▸ Task statement: The required copy runs from the first line of the material through the line containing "Category: ink cartridge", exactly as written and without pictures.

▸ Study material:

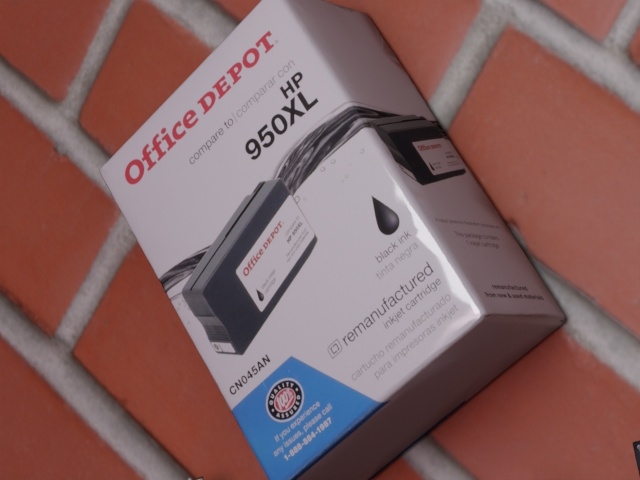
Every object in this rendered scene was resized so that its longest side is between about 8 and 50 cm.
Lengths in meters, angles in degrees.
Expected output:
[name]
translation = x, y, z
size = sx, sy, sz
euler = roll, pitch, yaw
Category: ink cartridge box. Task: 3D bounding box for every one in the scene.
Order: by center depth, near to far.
[ink cartridge box]
translation = 0.000, 0.000, 1.777
size = 0.285, 0.166, 0.395
euler = -43, 64, 25

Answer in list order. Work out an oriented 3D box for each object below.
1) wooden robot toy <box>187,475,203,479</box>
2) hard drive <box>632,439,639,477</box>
[wooden robot toy]
translation = -0.086, 0.321, 1.894
size = 0.079, 0.076, 0.173
euler = -20, 73, -4
[hard drive]
translation = 0.334, 0.233, 1.617
size = 0.094, 0.022, 0.135
euler = -18, 77, 33
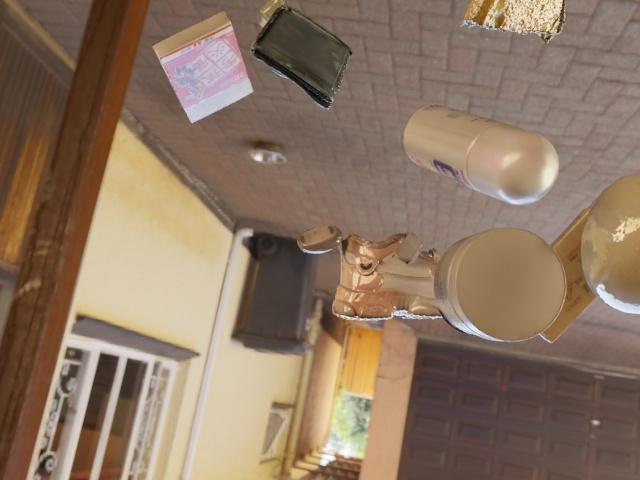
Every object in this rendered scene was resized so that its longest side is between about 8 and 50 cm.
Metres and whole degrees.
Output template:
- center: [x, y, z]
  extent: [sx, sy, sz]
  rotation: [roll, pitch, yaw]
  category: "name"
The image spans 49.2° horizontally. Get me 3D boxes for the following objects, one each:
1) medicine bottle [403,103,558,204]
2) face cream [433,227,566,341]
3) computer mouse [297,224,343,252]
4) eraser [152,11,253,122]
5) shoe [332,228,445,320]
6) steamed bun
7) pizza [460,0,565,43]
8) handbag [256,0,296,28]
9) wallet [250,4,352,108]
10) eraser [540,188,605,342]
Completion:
- center: [0.290, -0.159, 1.271]
  extent: [0.130, 0.130, 0.341]
  rotation: [18, -170, -30]
  category: "medicine bottle"
- center: [0.282, 0.072, 1.128]
  extent: [0.177, 0.177, 0.153]
  rotation: [11, 174, -4]
  category: "face cream"
- center: [0.001, 0.002, 1.468]
  extent: [0.096, 0.066, 0.039]
  rotation: [-17, 124, -1]
  category: "computer mouse"
- center: [-0.235, -0.350, 1.441]
  extent: [0.157, 0.038, 0.230]
  rotation: [-28, 156, -6]
  category: "eraser"
- center: [0.198, 0.074, 1.520]
  extent: [0.350, 0.198, 0.172]
  rotation: [-1, 175, -11]
  category: "shoe"
- center: [0.642, 0.009, 1.330]
  extent: [0.283, 0.283, 0.177]
  rotation: [19, 178, -33]
  category: "steamed bun"
- center: [0.446, -0.519, 1.522]
  extent: [0.287, 0.280, 0.075]
  rotation: [33, -165, -48]
  category: "pizza"
- center: [-0.087, -0.603, 2.036]
  extent: [0.219, 0.079, 0.256]
  rotation: [46, -178, -15]
  category: "handbag"
- center: [-0.046, -0.470, 1.769]
  extent: [0.237, 0.342, 0.075]
  rotation: [33, 125, -13]
  category: "wallet"
- center: [0.564, 0.053, 1.532]
  extent: [0.144, 0.343, 0.078]
  rotation: [43, -176, 9]
  category: "eraser"
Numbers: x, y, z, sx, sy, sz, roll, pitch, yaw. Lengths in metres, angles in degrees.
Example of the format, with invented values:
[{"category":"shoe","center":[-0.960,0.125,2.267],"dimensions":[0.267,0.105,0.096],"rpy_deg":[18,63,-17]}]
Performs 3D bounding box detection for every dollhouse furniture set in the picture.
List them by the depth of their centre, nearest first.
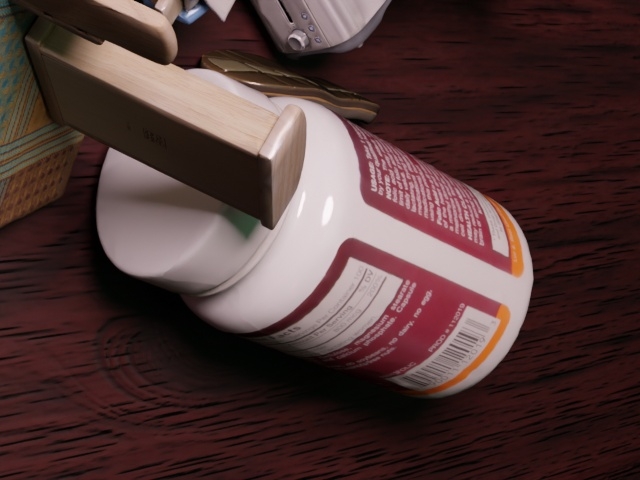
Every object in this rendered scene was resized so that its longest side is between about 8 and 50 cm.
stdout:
[{"category":"dollhouse furniture set","center":[-0.053,-0.215,1.040],"dimensions":[0.303,0.198,0.286],"rpy_deg":[-62,172,-19]}]

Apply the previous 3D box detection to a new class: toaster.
[{"category":"toaster","center":[0.010,-0.294,1.362],"dimensions":[0.146,0.129,0.227],"rpy_deg":[53,57,-31]}]

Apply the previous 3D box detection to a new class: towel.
[{"category":"towel","center":[-0.207,-0.169,1.049],"dimensions":[0.370,0.040,0.271],"rpy_deg":[-67,171,20]}]

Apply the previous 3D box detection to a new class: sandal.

▸ Answer space:
Every object in this rendered scene was resized so that its longest side is between about 8 and 50 cm.
Lengths in meters, angles in degrees.
Expected output:
[name]
translation = x, y, z
size = sx, sy, sz
euler = roll, pitch, yaw
Category: ink cartridge box. Task: 3D bounding box for every one in the scene.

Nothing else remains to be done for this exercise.